李凤鸣转头见无衣背对着他,缩在被子里,身子不断抖动,他多想伸手将她揽进怀里,可他不敢,他不知道自己的真心在林无衣心里到底有没有分量。
“后来女孩去了廊州北部,李凤鸣听说了很替她开心,她就应该住在天上,在最耀眼的地方,永远闪闪发光,太阳哪能住在井底呢。
“永平六年夏,她回来了,被叫做小英雄,她被人高高举起,她看不见李凤鸣,李凤鸣太渺小了,他拿着女孩给的平安扣,被打到痛哭也不敢将刀按出来。可李凤鸣还是很开心。
“秋闱打猎,所有皇孙都策马而上,将射到的猎物献给女孩,只有他,在闱场放了一个风筝,风筝上写着,不要受伤。
“再后来,他去见她,她近乎发痴,问道:‘你听过梦碎的声音吗?就像这样,叮铃……叮铃……’那是李凤鸣的人间仙乐,是这世上最动听的声音呀,李凤鸣抓住她的手求她不要再摇那个铃铛,她神情苦涩,却笑道:‘不行呀,不听到我会死掉的。’
“再后来……再后来……他要大婚了,他去找女孩,女孩说:‘我可以给你放鞭炮。’”
林无衣大喊了一声“李凤鸣”从被子里爬起来,直直站在床上,她眼睛都哭肿了,乱糟糟的头发胡乱贴在脸上,像一只没抓住老鼠倒碰了一鼻子灰的花猫,一看见李凤鸣又撇嘴要掉眼泪,轻跺了下脚嗔道:“抱我!”
李凤鸣一时愣住。
“抱我!”无衣又道。
李凤鸣压着激动到颤抖的胸腔,语气尽量平静:“不给我放鞭炮了吗?”
“放你娘的炮!抱我!”
李凤鸣的美梦成真,他不敢相信,却深深相信,无论是第一次见到无衣,还是现在,他们之间从来都是久别重逢。

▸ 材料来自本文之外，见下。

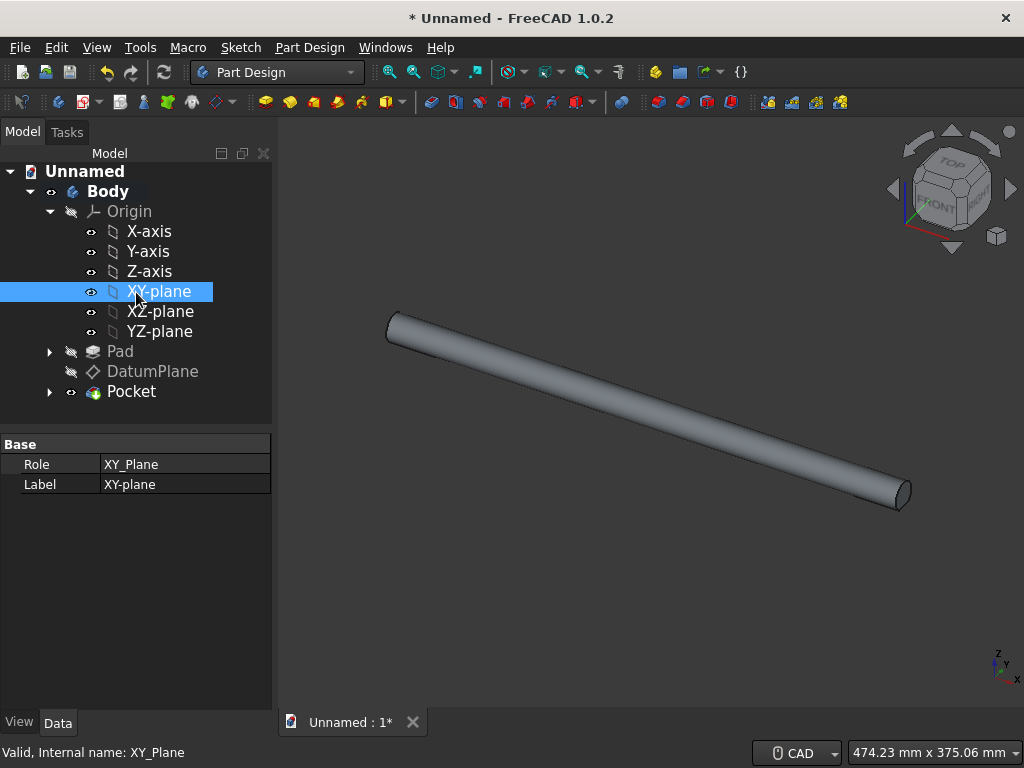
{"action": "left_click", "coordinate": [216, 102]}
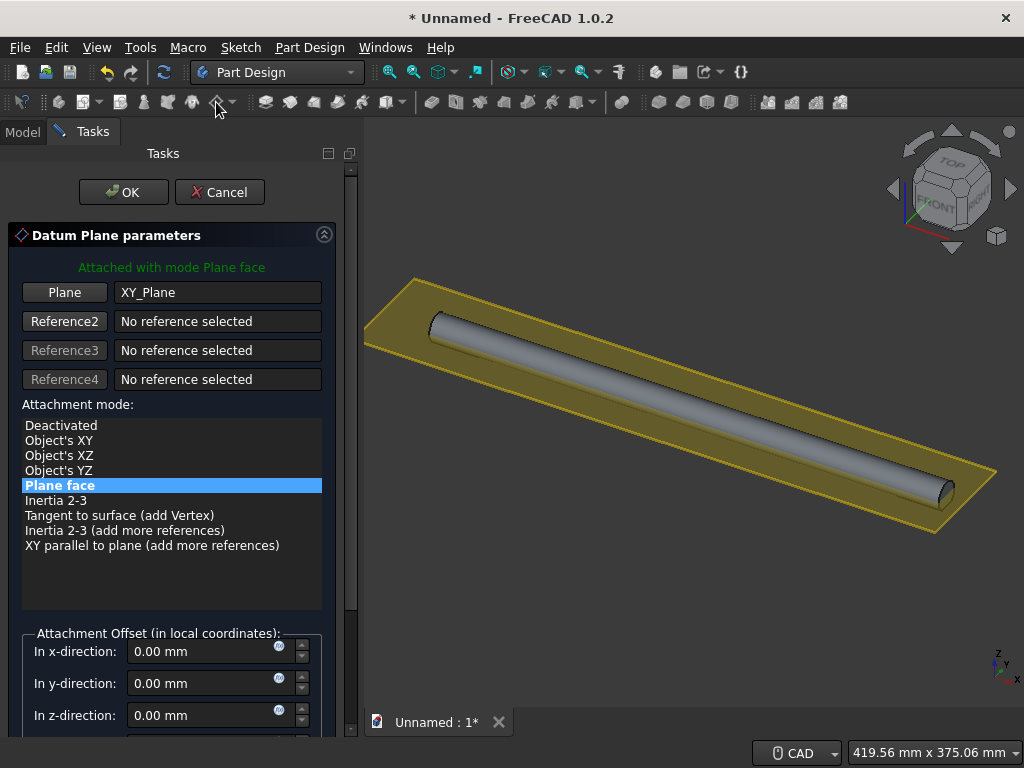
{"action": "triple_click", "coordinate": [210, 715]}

李凤鸣眼含热泪朝着无衣张开手臂,跨出那迈了十四年的一脚,门窗子抖动,风声鹤唳似乎都是为他鼓掌叫好。
待他察觉声音不对,出门去看,李承义已经带着他的青州军,齐步跑进院子里站定,穿着盔甲,笑着向他走来,靠近道:“侯爷,您没事就太好了!都怪我行事不周,害得王爷遭此劫难。”

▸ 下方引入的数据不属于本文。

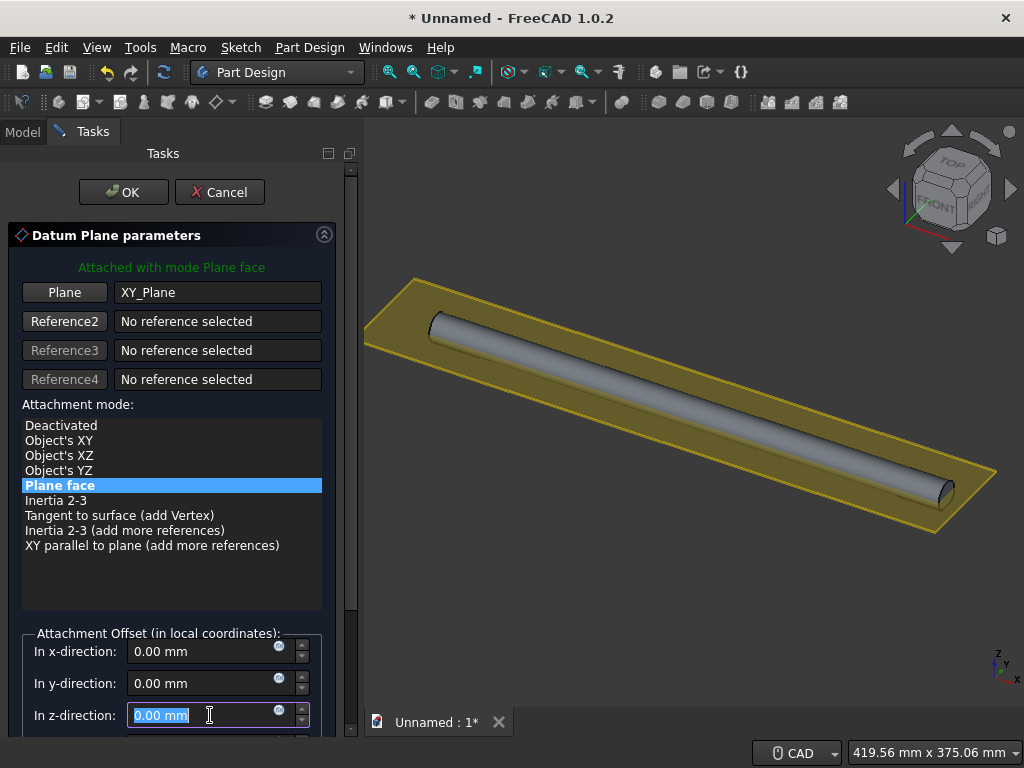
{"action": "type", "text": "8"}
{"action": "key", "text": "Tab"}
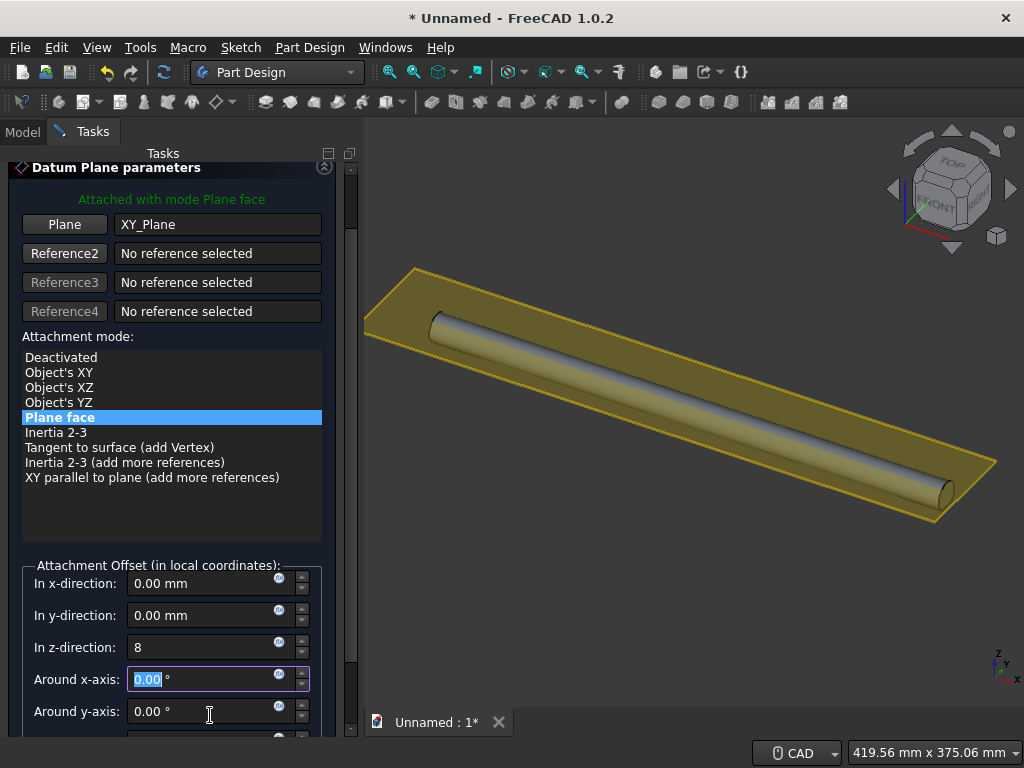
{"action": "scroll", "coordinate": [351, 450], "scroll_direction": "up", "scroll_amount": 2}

李承义转头向他的侍卫长任长青啐道:“没用的家伙!不过烧死了六个就不敢入火,好在侯爷没事,要不然诛杀三族也不足过,还不快跟侯爷请罪!”
任长青带着身后众人同声跪地,铁甲整齐撞在地面上,接着众人声似洪钟,一起发出:“请侯爷治罪!”
这声音震耳发聩,李凤鸣自然知道李承义是故意向自己示威,然还是不得不感叹侍卫训练有素,倒不知李承义这位公子哥是如何训兵秣马,恐怕还是仰仗李和留下的骁将利器。
“不是你们的错,都起来吧。六人因我而死,一应后事家眷当有本侯承担,有劳任侍卫长代本王料理。”李凤鸣心叹,何至于此,为了权利不择手段,全拿人命当草芥,若赵王临至尊之位,那天下还不知要如何生灵涂炭,他是万万不能拱手让予。

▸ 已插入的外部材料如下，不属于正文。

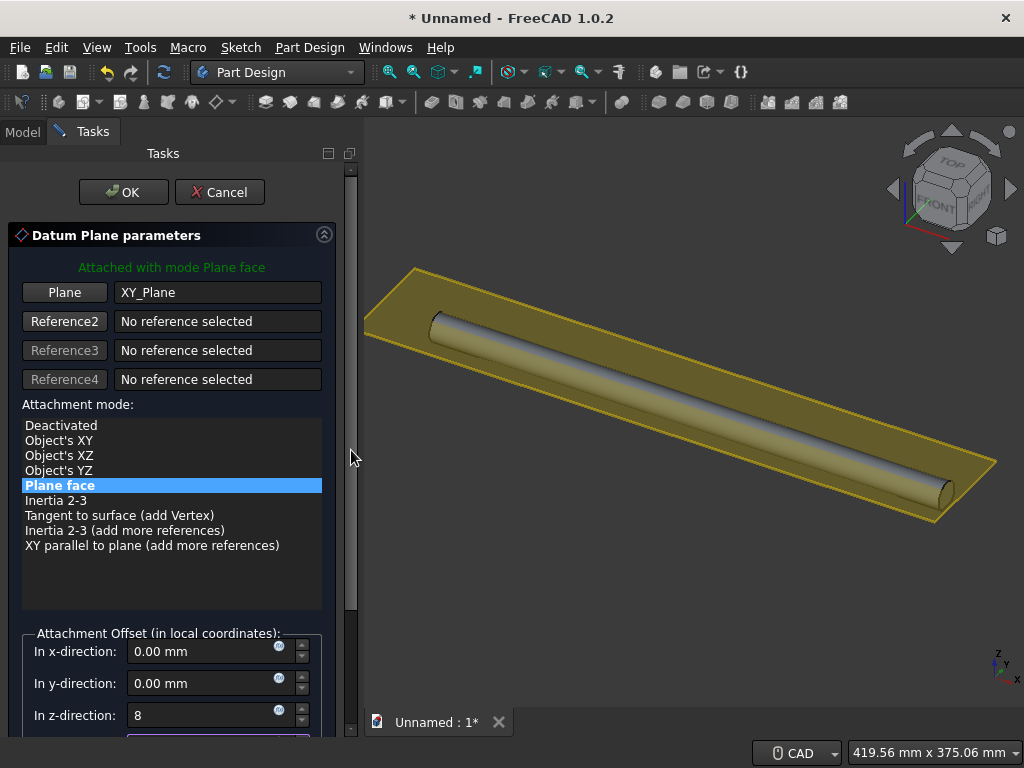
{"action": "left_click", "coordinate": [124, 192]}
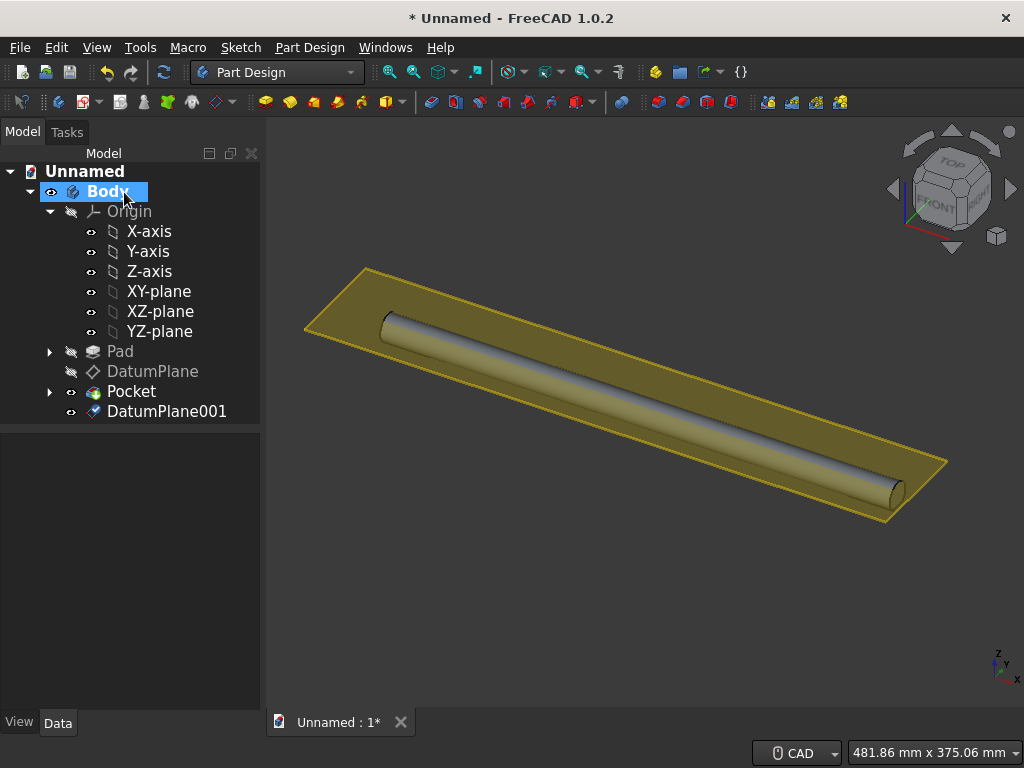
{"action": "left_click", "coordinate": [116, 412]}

李承义笑道:“都说侯爷有情有义,能为侯爷卖命那是他们八辈子都修不来的福气。侯爷遭劫,罪魁祸首还是胭脂军,若不是侯爷机智过人,将林无衣引诱出来,承义还真是万死难辞。”
李承义说着假哭了两声,抹了一把根本没有的眼泪,抬手对任长青道:“将罪徒林无衣即可缉拿!”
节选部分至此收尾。